▶

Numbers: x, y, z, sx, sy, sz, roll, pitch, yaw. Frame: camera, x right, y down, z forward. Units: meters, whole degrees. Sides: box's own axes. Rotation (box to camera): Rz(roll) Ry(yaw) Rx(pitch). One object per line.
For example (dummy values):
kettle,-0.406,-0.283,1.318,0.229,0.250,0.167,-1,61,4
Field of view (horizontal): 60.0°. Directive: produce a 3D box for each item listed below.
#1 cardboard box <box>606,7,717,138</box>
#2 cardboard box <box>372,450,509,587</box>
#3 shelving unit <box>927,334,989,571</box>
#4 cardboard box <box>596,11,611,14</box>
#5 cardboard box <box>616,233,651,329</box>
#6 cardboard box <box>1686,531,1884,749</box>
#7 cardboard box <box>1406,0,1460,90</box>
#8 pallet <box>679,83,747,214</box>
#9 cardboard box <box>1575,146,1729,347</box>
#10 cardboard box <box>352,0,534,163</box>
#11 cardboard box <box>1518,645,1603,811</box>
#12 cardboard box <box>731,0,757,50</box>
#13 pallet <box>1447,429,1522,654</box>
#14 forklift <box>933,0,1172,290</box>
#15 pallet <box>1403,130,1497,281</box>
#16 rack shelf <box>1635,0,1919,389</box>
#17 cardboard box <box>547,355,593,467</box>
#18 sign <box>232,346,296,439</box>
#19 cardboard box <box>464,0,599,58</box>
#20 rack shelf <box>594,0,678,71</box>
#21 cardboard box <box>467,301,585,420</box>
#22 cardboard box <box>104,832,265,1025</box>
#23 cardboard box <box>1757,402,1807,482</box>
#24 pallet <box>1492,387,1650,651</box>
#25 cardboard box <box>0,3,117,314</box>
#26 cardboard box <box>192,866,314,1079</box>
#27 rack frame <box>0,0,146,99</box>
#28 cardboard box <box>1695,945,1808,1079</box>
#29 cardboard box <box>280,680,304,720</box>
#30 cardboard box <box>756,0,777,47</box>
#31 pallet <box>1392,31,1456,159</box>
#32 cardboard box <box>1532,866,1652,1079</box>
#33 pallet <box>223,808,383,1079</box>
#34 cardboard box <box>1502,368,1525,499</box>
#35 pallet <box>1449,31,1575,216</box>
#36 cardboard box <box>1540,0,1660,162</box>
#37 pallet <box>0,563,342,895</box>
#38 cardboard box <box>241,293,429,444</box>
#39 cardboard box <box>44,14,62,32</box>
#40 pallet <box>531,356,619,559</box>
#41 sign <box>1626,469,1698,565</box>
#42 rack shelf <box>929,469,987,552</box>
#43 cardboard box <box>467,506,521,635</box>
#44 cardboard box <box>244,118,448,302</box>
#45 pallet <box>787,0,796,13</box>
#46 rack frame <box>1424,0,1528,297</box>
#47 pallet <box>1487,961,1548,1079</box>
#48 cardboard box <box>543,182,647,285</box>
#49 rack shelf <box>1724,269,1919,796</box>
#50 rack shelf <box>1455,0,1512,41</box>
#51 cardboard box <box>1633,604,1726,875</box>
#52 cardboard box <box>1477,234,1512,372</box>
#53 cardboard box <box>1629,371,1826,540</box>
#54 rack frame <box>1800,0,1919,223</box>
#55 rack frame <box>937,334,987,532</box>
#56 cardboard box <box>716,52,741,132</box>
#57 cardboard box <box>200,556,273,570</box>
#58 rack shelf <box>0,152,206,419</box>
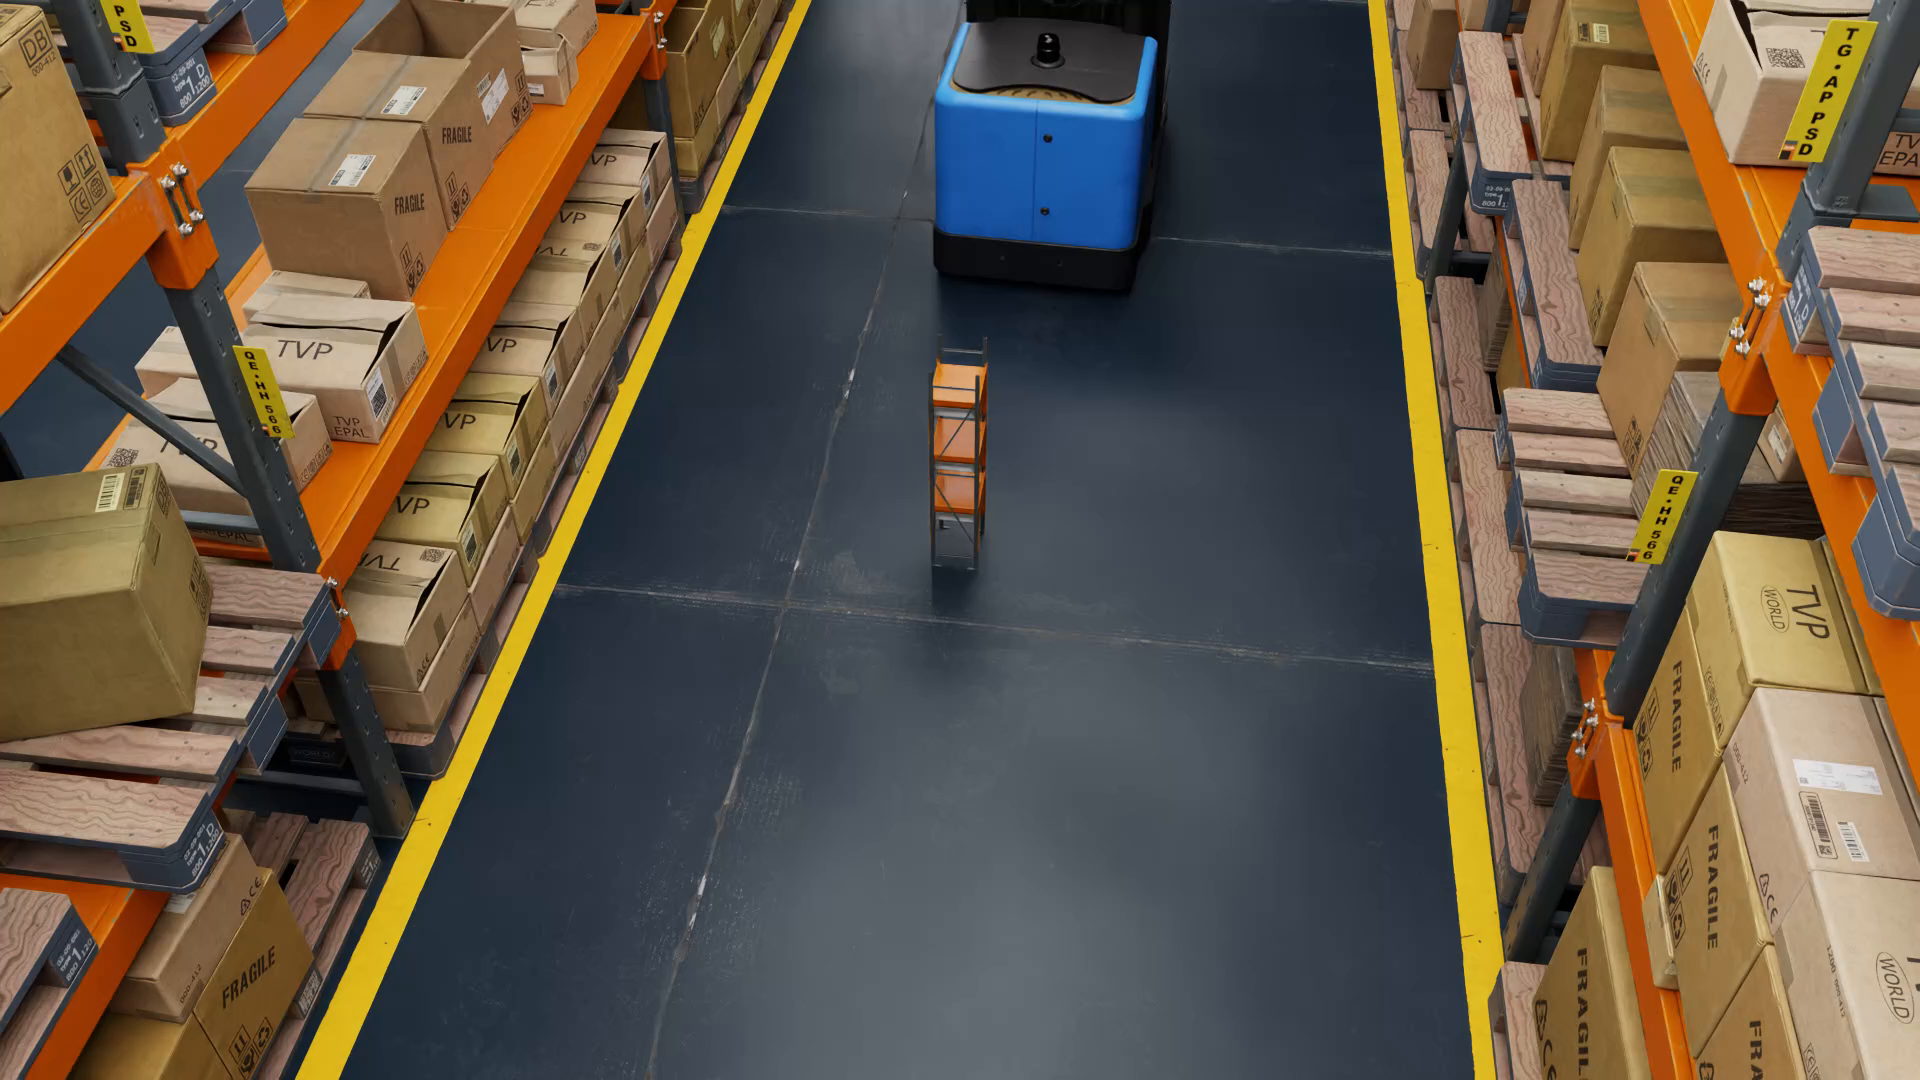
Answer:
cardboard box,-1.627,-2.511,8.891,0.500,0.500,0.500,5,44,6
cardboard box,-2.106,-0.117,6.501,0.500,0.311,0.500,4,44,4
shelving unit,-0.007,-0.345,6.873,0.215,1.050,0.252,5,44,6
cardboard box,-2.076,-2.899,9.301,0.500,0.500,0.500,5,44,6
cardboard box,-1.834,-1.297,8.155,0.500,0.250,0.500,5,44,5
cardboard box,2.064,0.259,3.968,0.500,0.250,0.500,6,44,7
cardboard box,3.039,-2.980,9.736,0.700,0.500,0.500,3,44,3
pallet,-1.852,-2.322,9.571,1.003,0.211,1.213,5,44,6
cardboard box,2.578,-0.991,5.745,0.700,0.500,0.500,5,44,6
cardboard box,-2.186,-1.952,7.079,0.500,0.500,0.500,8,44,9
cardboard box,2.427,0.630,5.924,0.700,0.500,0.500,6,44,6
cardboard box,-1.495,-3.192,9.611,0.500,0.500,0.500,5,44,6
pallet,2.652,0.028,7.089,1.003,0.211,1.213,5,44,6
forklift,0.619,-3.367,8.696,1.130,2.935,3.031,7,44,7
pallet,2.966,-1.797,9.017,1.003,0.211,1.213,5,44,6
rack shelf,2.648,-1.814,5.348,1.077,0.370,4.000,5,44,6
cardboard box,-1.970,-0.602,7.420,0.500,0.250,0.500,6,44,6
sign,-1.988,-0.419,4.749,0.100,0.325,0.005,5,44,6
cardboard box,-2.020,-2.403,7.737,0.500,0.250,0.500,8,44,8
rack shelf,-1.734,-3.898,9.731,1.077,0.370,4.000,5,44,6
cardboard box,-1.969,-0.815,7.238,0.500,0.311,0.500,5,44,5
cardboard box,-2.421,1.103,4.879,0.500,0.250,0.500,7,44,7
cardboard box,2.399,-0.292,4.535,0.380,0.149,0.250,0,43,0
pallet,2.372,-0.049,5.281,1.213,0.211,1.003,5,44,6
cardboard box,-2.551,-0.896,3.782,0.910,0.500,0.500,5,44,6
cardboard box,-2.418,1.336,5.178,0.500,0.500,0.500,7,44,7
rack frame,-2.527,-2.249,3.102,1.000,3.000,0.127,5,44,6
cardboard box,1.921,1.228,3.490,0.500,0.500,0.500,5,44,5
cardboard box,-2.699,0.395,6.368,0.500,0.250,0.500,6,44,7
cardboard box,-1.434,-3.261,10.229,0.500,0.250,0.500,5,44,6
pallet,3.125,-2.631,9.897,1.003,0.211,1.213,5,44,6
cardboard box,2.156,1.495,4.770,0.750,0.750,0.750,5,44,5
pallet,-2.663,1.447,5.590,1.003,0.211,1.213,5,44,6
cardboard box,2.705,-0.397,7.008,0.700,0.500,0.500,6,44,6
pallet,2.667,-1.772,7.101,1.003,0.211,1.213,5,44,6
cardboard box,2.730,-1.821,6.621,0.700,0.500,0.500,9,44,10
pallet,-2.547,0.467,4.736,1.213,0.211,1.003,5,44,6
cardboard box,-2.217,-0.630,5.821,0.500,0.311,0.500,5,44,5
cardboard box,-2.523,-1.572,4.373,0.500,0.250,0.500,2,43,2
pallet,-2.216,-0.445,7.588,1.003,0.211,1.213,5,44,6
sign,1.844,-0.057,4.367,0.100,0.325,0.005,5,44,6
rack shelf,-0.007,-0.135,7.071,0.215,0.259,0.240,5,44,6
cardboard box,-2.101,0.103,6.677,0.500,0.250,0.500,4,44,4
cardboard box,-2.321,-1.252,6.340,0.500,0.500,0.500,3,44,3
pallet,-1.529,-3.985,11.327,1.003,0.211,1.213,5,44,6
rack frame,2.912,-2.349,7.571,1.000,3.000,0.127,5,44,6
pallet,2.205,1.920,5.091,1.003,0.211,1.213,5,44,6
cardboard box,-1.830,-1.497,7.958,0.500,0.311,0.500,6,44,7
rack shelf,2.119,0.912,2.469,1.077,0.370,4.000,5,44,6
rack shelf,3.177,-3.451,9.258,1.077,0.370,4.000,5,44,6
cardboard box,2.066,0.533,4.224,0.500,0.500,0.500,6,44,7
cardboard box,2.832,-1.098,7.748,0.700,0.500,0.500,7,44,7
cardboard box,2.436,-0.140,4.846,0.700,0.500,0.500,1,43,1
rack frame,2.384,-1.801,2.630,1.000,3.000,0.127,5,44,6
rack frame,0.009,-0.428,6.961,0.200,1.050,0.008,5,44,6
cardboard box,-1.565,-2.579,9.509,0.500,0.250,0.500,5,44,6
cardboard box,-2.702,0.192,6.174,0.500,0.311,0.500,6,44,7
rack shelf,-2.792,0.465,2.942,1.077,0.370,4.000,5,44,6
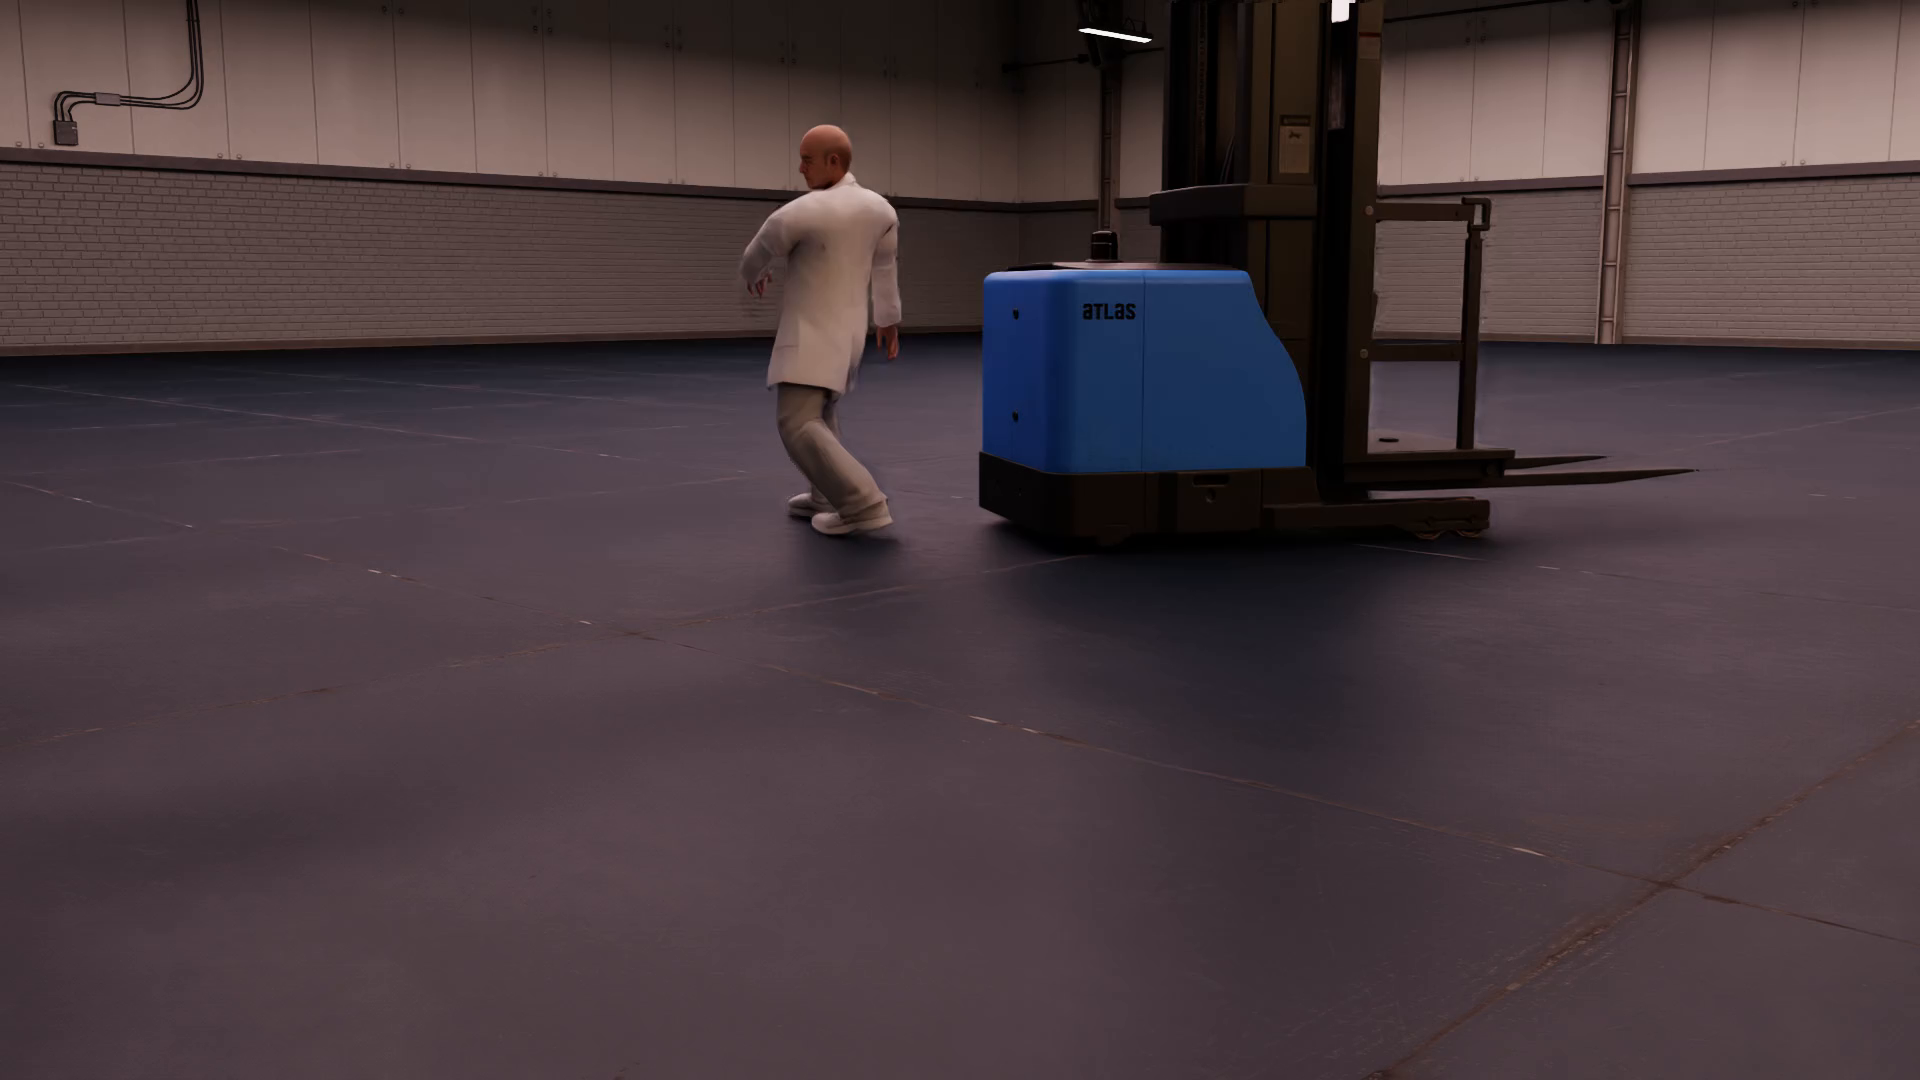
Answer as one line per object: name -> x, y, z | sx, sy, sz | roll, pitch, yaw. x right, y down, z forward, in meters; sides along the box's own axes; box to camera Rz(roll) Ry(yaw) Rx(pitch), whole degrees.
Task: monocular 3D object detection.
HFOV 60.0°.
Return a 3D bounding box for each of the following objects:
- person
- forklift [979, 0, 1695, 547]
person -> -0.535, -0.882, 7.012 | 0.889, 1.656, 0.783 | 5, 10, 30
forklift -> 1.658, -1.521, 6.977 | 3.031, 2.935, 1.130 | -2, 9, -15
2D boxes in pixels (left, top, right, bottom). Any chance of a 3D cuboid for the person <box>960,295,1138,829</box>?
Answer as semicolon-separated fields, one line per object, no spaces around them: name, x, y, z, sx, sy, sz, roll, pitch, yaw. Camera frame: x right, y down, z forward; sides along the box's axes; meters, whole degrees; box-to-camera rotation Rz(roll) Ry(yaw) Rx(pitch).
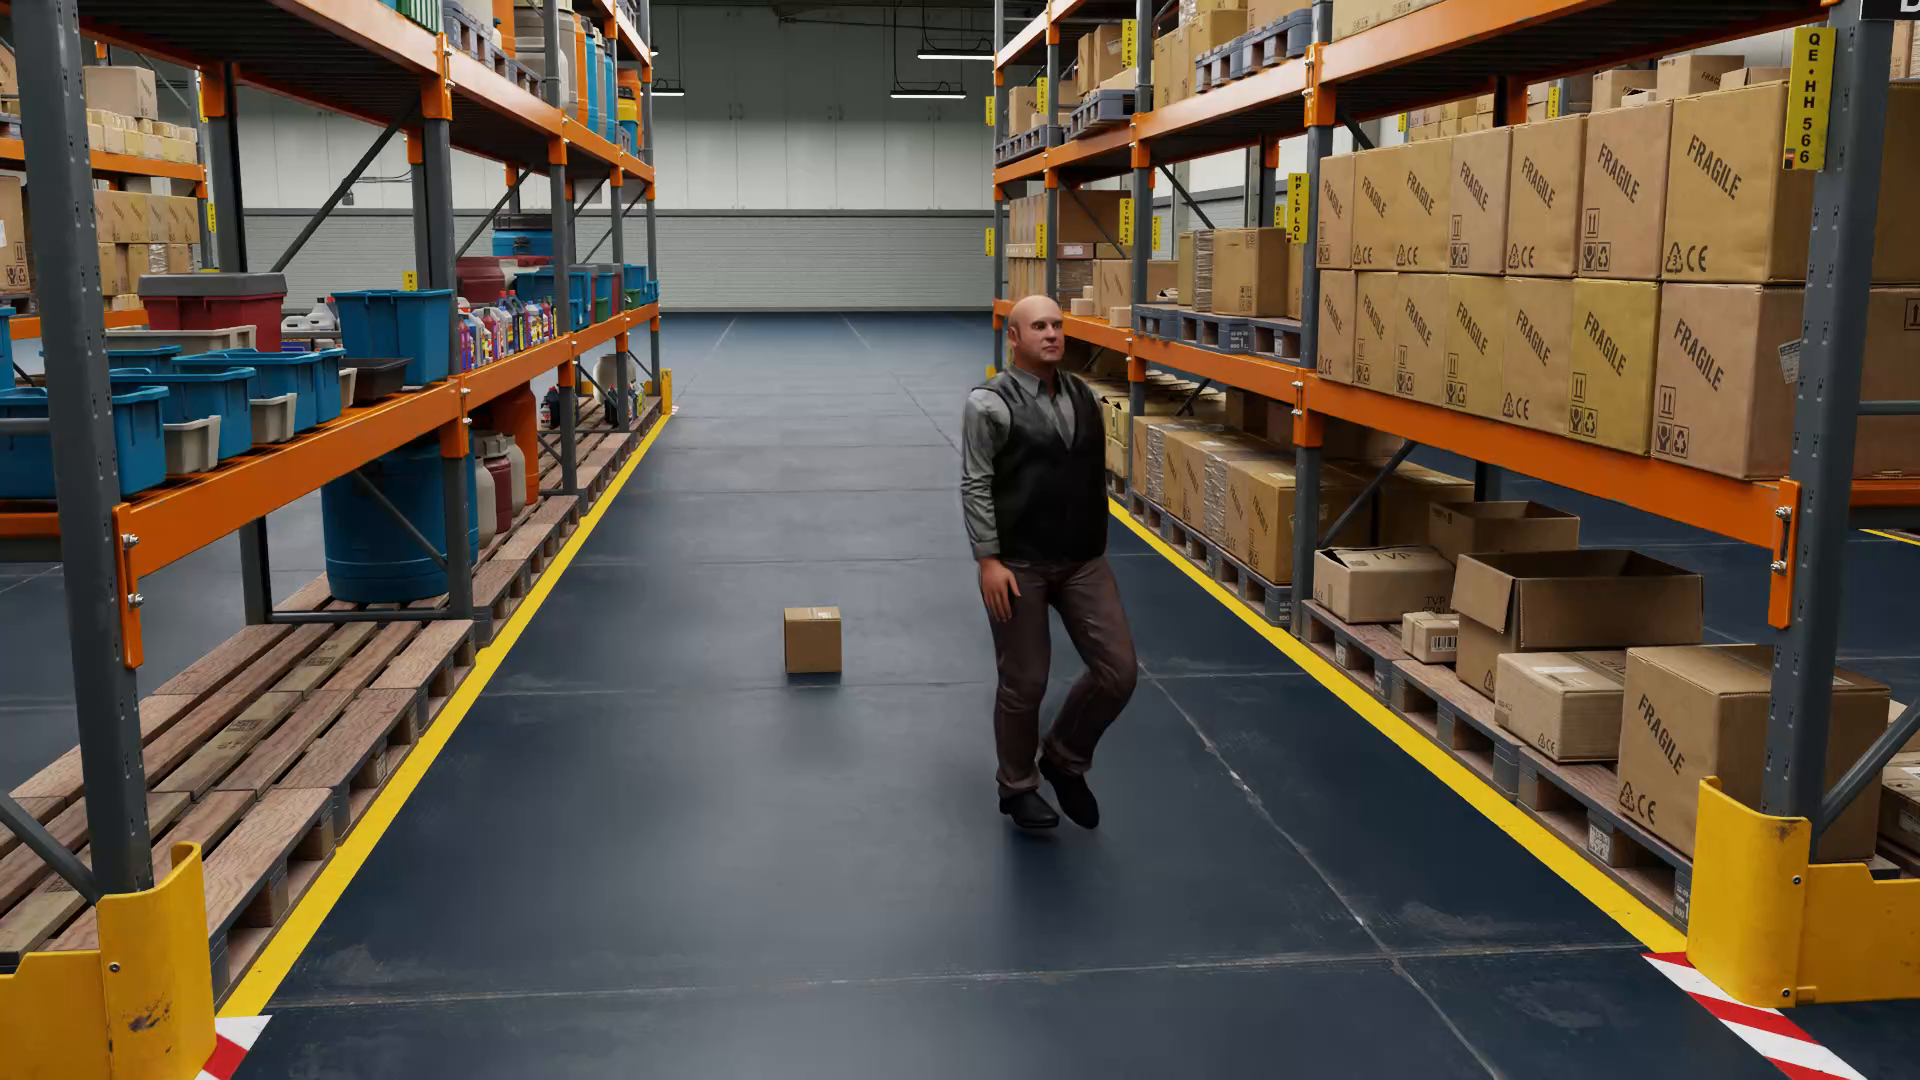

◀

» **What you should do**: How many lines of the listing include the string "forward"? Answer with the number alone.

» **Result of the task**: 3